Weird. Setting the class properties kept giving me an error Class viewController’ has no initializers`.

Setting them as optionals fixes it

     var session: MCSession?
    var advertiser: MCNearbyServiceAdvertiser?
    var browser: MCNearbyServiceBrowser?
    var localPeerID: MCPeerID?
    var connectedPeers = []

Ah, the docs make it clear:

Classes and structures must set all of their stored properties to an appropriate initial value by the time an instance of that class or structure is created. Stored properties cannot be left in an indeterminate state.

Properties of optional type are automatically initialized with a value of nil, indicating that the property is deliberately intended to have “no value yet” during initialization.

They need to be set as optionals since they have no initial state. Gotta remember to unwrap them.

15:33

Booleans are false and true. Whole lot of muscle memory is going to keep me writing YES and NO.

15:50

Using the optionals to initialize a local instance isn’t making any sense. I think I need to watch more sessions

20:30

Okay, what was I smoking a few hours ago. It’s pretty simple.

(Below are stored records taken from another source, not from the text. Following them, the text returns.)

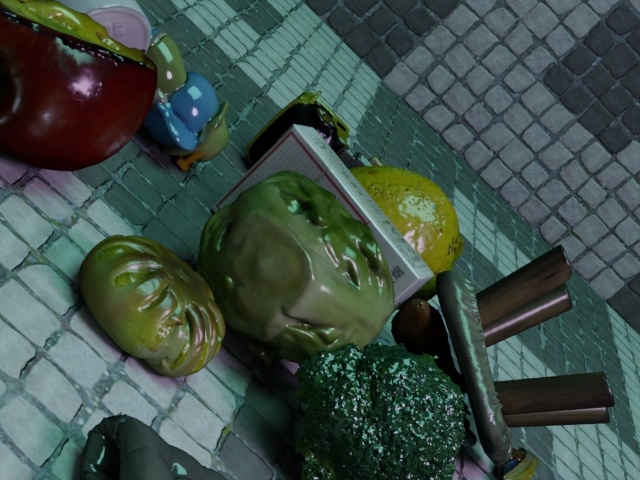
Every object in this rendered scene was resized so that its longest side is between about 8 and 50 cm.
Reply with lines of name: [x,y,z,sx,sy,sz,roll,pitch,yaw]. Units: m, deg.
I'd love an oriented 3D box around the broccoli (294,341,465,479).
broccoli: [0.072,0.263,1.642,0.294,0.265,0.245,49,-17,-12]

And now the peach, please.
peach: [-0.370,-0.209,1.652,0.258,0.201,0.361,29,11,9]

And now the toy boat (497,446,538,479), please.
toy boat: [0.341,0.406,2.117,0.066,0.065,0.172,26,16,11]

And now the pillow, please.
pillow: [-0.139,0.331,1.208,0.228,0.101,0.326,39,22,-29]

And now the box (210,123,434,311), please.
box: [0.000,0.000,1.979,0.330,0.210,0.095,52,19,14]

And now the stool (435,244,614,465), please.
stool: [0.339,0.189,2.003,0.310,0.226,0.310,53,20,-70]

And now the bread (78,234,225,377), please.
bread: [-0.210,0.075,1.558,0.213,0.105,0.213,40,17,-15]

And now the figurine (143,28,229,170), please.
figurine: [-0.252,-0.250,2.037,0.262,0.154,0.180,59,-9,-3]

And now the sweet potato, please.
sweet potato: [0.178,0.166,2.069,0.114,0.092,0.341,41,-13,34]

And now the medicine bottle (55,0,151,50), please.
medicine bottle: [-0.434,-0.429,1.922,0.213,0.213,0.379,15,37,-57]

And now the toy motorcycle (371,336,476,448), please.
toy motorcycle: [0.142,0.246,1.976,0.296,0.109,0.198,39,7,-36]

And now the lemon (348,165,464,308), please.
lemon: [0.100,-0.006,2.127,0.310,0.258,0.258,16,22,0]

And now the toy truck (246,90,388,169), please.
toy truck: [0.054,-0.108,2.356,0.405,0.180,0.254,44,16,-10]

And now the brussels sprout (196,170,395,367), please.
brussels sprout: [-0.035,0.039,1.768,0.328,0.247,0.328,26,10,-5]
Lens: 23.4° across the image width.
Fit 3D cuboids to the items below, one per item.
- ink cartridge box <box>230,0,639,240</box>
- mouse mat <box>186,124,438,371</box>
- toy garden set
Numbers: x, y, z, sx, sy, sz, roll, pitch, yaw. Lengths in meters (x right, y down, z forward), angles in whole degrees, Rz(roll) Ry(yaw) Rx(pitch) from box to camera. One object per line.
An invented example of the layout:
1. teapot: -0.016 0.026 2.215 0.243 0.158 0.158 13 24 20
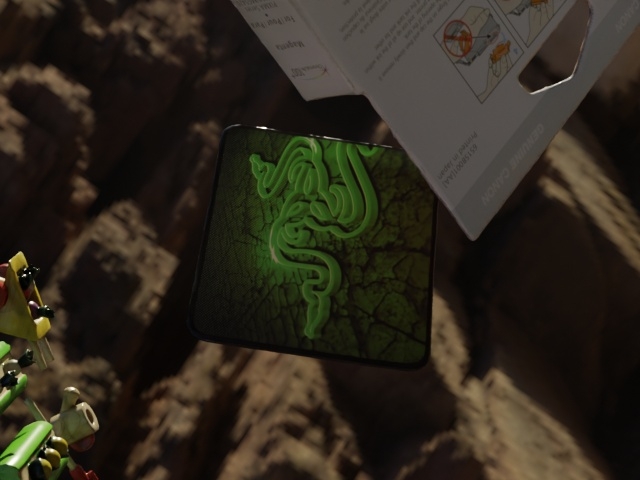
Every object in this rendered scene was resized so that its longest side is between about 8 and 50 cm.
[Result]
1. ink cartridge box: 0.082 -0.177 0.920 0.060 0.239 0.275 1 45 53
2. mouse mat: 0.000 0.000 1.001 0.007 0.153 0.189 100 177 -48
3. toy garden set: -0.207 0.120 1.152 0.049 0.244 0.204 -26 7 7
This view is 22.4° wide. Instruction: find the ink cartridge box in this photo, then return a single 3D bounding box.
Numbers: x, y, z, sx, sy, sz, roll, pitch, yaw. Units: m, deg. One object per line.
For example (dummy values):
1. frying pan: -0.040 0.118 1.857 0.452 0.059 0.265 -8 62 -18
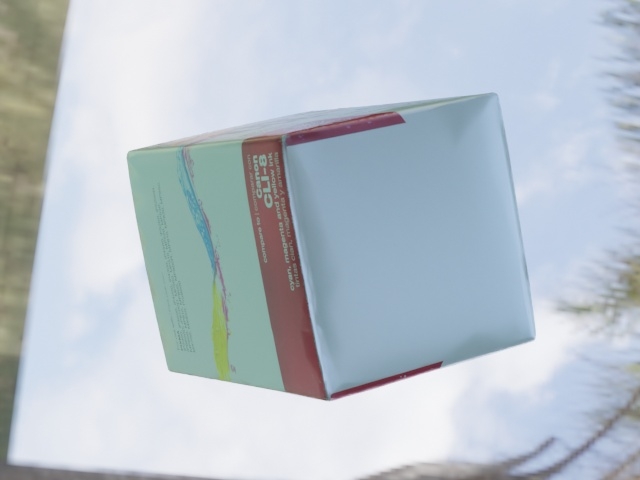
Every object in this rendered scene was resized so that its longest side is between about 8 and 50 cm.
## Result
1. ink cartridge box: 0.000 0.000 0.825 0.176 0.128 0.127 0 -77 59
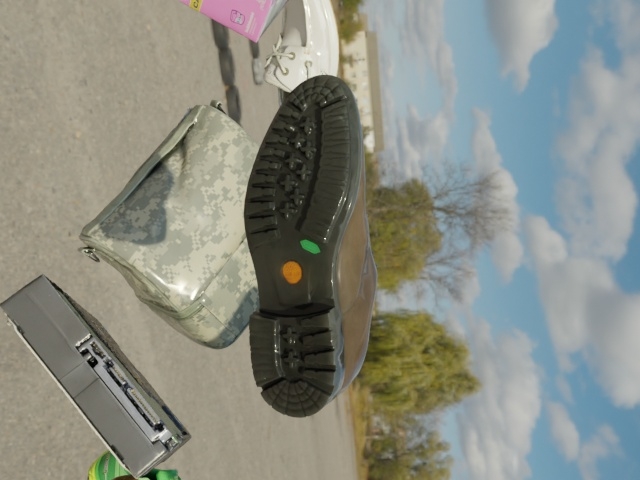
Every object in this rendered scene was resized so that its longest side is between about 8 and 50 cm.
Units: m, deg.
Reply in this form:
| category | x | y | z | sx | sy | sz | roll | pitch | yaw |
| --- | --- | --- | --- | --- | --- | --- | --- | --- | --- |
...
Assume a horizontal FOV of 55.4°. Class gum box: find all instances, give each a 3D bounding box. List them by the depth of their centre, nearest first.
| category | x | y | z | sx | sy | sz | roll | pitch | yaw |
| --- | --- | --- | --- | --- | --- | --- | --- | --- | --- |
| gum box | -0.074 | -0.288 | 0.616 | 0.062 | 0.107 | 0.188 | -58 | -172 | 43 |

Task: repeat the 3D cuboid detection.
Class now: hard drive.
| category | x | y | z | sx | sy | sz | roll | pitch | yaw |
| --- | --- | --- | --- | --- | --- | --- | --- | --- | --- |
| hard drive | -0.266 | 0.184 | 0.778 | 0.237 | 0.064 | 0.339 | 49 | -19 | 6 |

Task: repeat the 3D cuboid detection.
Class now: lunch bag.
| category | x | y | z | sx | sy | sz | roll | pitch | yaw |
| --- | --- | --- | --- | --- | --- | --- | --- | --- | --- |
| lunch bag | -0.184 | -0.030 | 0.943 | 0.305 | 0.212 | 0.256 | -53 | 126 | -19 |

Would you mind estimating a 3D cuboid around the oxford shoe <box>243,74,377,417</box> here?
| category | x | y | z | sx | sy | sz | roll | pitch | yaw |
| --- | --- | --- | --- | --- | --- | --- | --- | --- | --- |
| oxford shoe | 0.000 | 0.000 | 0.436 | 0.096 | 0.082 | 0.227 | -1 | 96 | -62 |

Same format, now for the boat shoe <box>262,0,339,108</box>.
| category | x | y | z | sx | sy | sz | roll | pitch | yaw |
| --- | --- | --- | --- | --- | --- | --- | --- | --- | --- |
| boat shoe | -0.034 | -0.240 | 0.866 | 0.098 | 0.096 | 0.277 | -135 | -146 | -52 |

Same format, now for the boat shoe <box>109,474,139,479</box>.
| category | x | y | z | sx | sy | sz | roll | pitch | yaw |
| --- | --- | --- | --- | --- | --- | --- | --- | --- | --- |
| boat shoe | -0.209 | 0.314 | 0.588 | 0.170 | 0.063 | 0.059 | -71 | 147 | -54 |

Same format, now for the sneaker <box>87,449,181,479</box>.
| category | x | y | z | sx | sy | sz | roll | pitch | yaw |
| --- | --- | --- | --- | --- | --- | --- | --- | --- | --- |
| sneaker | -0.290 | 0.479 | 1.092 | 0.295 | 0.123 | 0.109 | 40 | -9 | 12 |

I had declared optionals and for some reason I was attempting to unfold the values before assigning them:

browser! = MCNearbyServiceBrowser(peer: localPeerID!, serviceType: HotColdServiceType)

It’s that one “!” that’s the issue. Of course I don’t want to unwrap the value, I’m trying to set the value.

The rest of this should go much more smoothly

20:45

Almost rewritten. Not really taking advantage of many of the new Swift features but that can be forgiven considering this is the first bit of actual Swift code I’m writing in earnest.

Had my first run-in with the array literal syntax. I needed to create a class level property for storing MCPeerIDs, ended up having to declare it like so:

var connectedPeers: MCPeerID[] = []

It’s kind of weird declaring what the array will store when you initialize it, but I could get used to it.

21:15

Grand Central Dispatch! I was hitting my head as to how to pass a block into the dispatch_async method when I realized that I just pass in a closure.

dispatch_async(dispatch_get_main_queue(), {
    self.theirPeerIDLabel.text = peerID.displayName
    self.counterButton.enabled = true
})

Honestly, it couldn’t be any more simple. Interesting that it explicitly yelled at me to call self within the closure, I was expecting that to just error out.

21:20

So, I guess Swift native strings can’t be created from NSData. Kind of odd, using native strings everywhere and then having to write some good ol’ NSString. I think this is something that will confuse new programmers when they start.

let message = NSString(data: data, encoding: NSUTF8StringEncoding)

21:25

Must be getting the hang of this, just converted a string to NSData in one line:

let data = "\(buttonCounter) times".dataUsingEncoding(NSUTF8StringEncoding, allowLossyConversion: false)

21:30

Started debugging and immediately started getting EXC_BAD_ACCESS errors on the MCSessionDelegate methods. Ugh. Done for the night.

June 10, 2014

9:40

Decided to look at my testing strategy. I was using an instance of the app in the simulator and an instance of my old Objective-C app. Instead, this morning I changed the deployment target to iOS 7 and ran it on my two testing devices. Lo and behold, it started working. The last thing I did was I rewrote all of the NSLog statements as println statements. I think that was the last bit of objective-c habits I need to purge.